The men can be found scattered across the building, mingling with their guards who sometimes leave their guns unattended.

One prisoner is sitting next to a guard washing his clothes. Another is collecting scattered pieces of coal and firewood to bake wheat flour in the sand to make bread.

The detainees greet us warmly and welcome our request to film and interview them.

A few minutes into the inteviews, the initial suspense and fear that came with walking into a building expecting to see faces of professional killers has faded away.

The place has more of a refugee camp feel about it than that of a prison.

Tuareg concerns

Even so, the local Tuareg rebel commanders are not without their concerns.

Sidi Mohamed, the top Tuareg security officer from the powerful Ifoghas tribe dominant in Kidal, keeps minute-by-minute contact with the guards inside. Driving a military 4WD pickup vehicle, he personally checks on the place several times a day.

Mohamed told me the Tuareg have a real problem in their hands. He said the Tuaregs don’t have a proper judicial system to put the detainees on trial. They also do not have enough means to keep sheltering and feeding the former fighters.

Yet they cannot simply release the men, concerned that some of them have dangerous plans to pursue. The MNLA cannot and does not want to hand the prisoners to the Malian authorities.

The French interrogated the men one by one in the facility a few weeks ago. But they don’t seem to be interested in having any inmate extradited to Paris for trial, Mohamed said.

The accusations against the prisoners are very broad in nature, ranging from carrying weapons and fighting to establishing Islamic law.

None of them seem to have been personally caught in an act of killing. Half a dozen or so seem to be underage.

Wrong place, wrong time

Omarou, who gives his age as 15 years, says he and his fellow young inmates joined the Movement for Unity and Jihad (MUJAO), an ally of Ansar al-Dine, a few months ago – to learn the Holy Quran.

In the meantime, they were given some training in the use of light weapons in a special training course. But they insist they have never carried weapons for the purpose of fighting or killing in the ongoing conflict.

Others, like Ahmed from the town of Khalil near the border with Algeria, say they were simply in the wrong place at the wrong time.

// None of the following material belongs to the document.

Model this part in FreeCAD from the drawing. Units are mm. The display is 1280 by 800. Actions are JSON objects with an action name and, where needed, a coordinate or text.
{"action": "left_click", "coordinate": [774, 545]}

He says his brother’s car was confiscated by Ansar al-Dine who took it to the nearby mountains. Ahmed decided to follow them and seek the return of his brother’s car when the French air raids began.

He left the place but says that while on his way back to Khalil, he was seized by Tuareg fighters.

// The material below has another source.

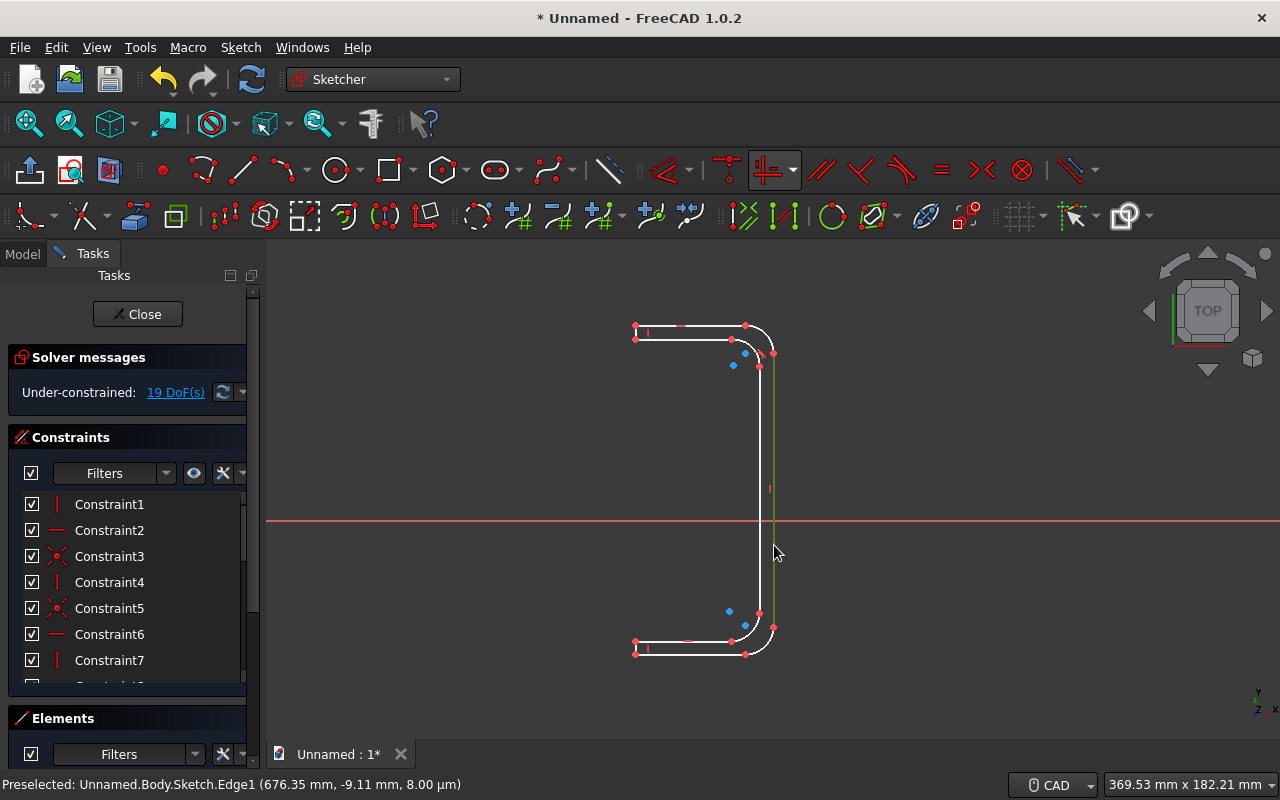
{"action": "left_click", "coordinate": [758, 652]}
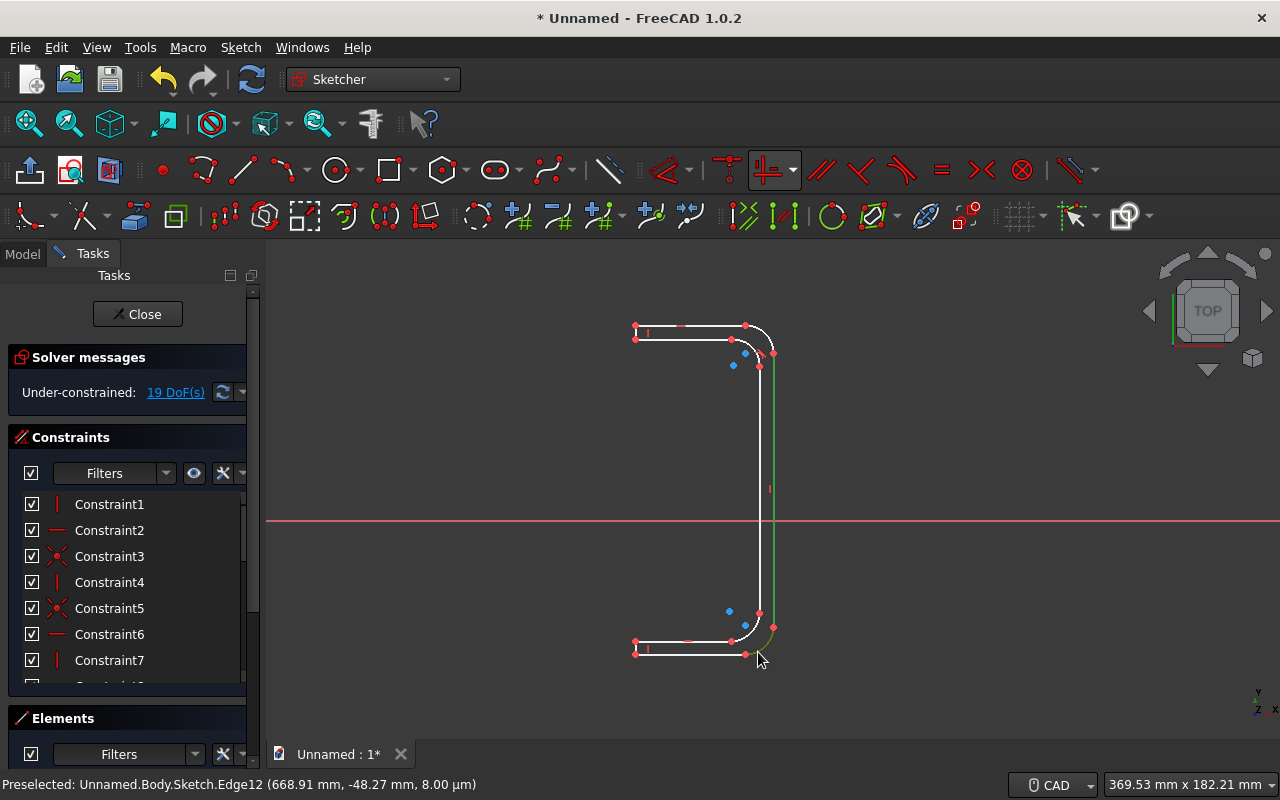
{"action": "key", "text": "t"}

Among the detainees there are some who seem to have inconsistent stories. Consider Al-Ayneen.

Shifting accounts

At the beginning of the interview, he says he is a mujahid (fighter), armed and ready to fight as a member of Ansar al-Dine.

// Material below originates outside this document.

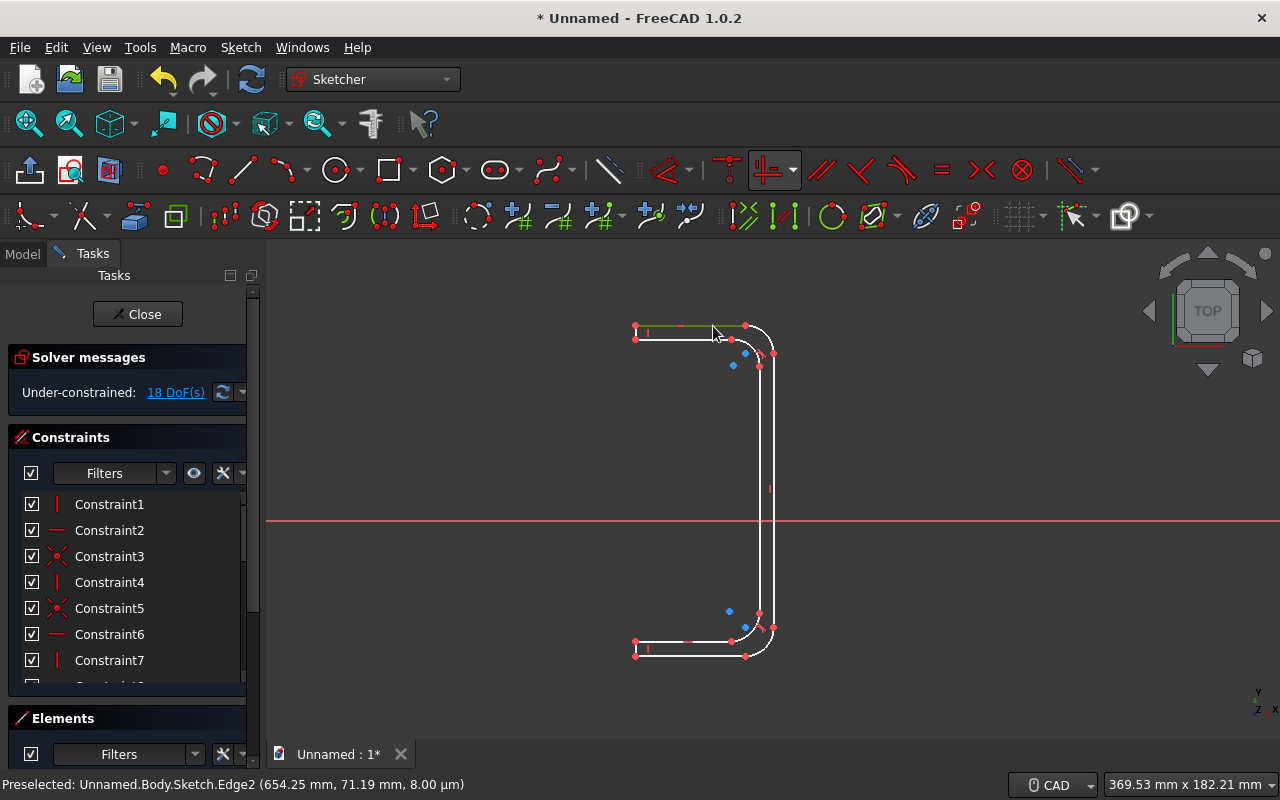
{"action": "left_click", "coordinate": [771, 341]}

However, a little later, he says he joined the group not out of conviction but as a business facilitator and that his objective was to make money from the relationship.

An inmate called Malik is more straightforward. He says Ansar al-Dine came to his city of Timbuktu where he had been working as a welder.

They asked him to join in order to help them establish Islamic law. He accepted the offer and worked with the so-called Virtue Police, a special unit entrusted with making sure civilians were adhering to the strictest recommendations of sharia.

But he was surprised by the turn of events since January when the all-out war broke out, Malik says.

He now aspires to get his freedom and go back to his welding job in Timbuktu.

Guantanamo parallel

The indefinite incarceration of the 48 suspected fighters by the MNLA poses several questions.

Why is no one apparently willing to take custody of these men?

If they are indeed dangerous individuals, why are they are not being tried and given the punishment they deserve?

On the other hand, if the men are not dangerous and no specific accusations have been levelled against them, why does no one want them to be released?

These questions seem to echo the issues raised about the inmates of the US-run Guantanamo Bay detention facility in Cuba.

Indeed, this unfinished building in Kidal that houses suspected al-Qaeda-linked fighters is a mini-Guantanamo in the sense that both the prisons exist in legal limbo.